TASK REQUIREMENTS: Please give all of the data again, character for character, and drop the pictures.

DATA TO EXAMINE:
►
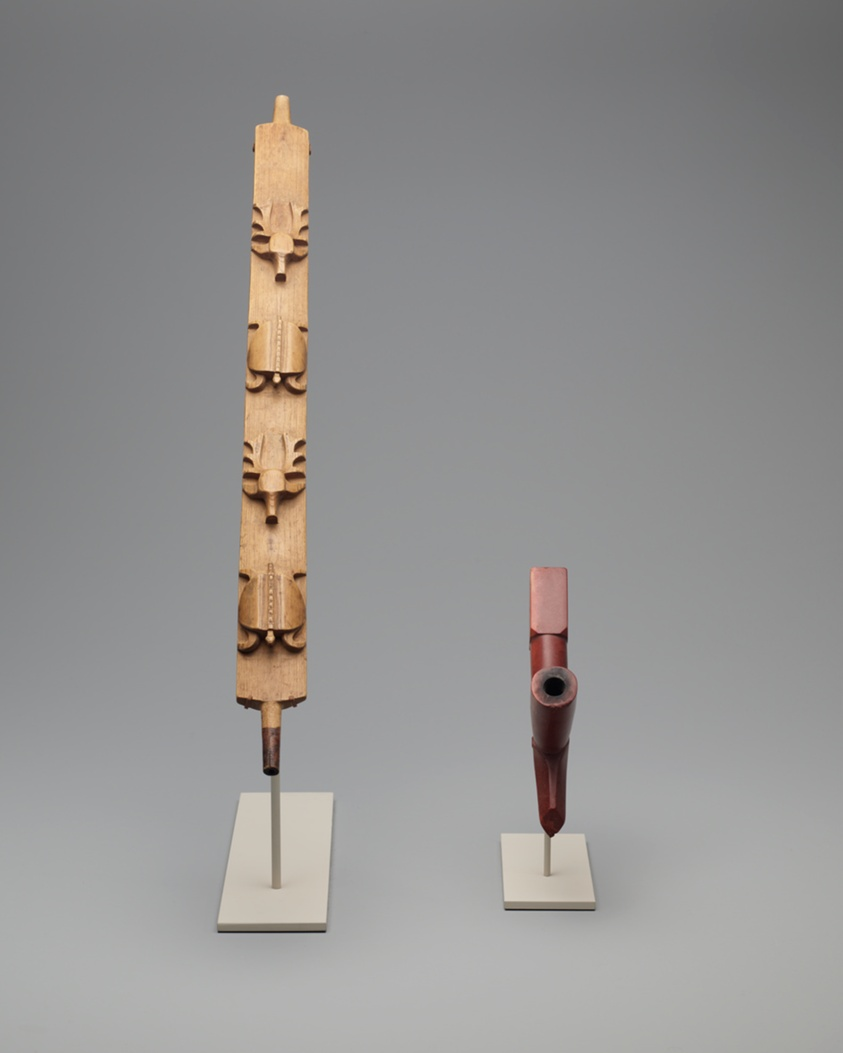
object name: Religious/Ritual Object
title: Pipe Bowl and Effigy Stem
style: cheyenne, plains indian, native american, americas, native north american, Arts of the Americas
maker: Artist unknown (Southern Cheyenne, Tsistsistas); Central or Northern Plains
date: 1880–90
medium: Wood and catlinite
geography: Central Plains
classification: pipe; art of the americas; ritual objects
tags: deer, pipe, stem, turtle
◄
ANSWER TO THIS TASK:
object name: Religious/Ritual Object
title: Pipe Bowl and Effigy Stem
style: cheyenne, plains indian, native american, americas, native north american, Arts of the Americas
maker: Artist unknown (Southern Cheyenne, Tsistsistas); Central or Northern Plains
date: 1880–90
medium: Wood and catlinite
geography: Central Plains
classification: pipe; art of the americas; ritual objects
tags: deer, pipe, stem, turtle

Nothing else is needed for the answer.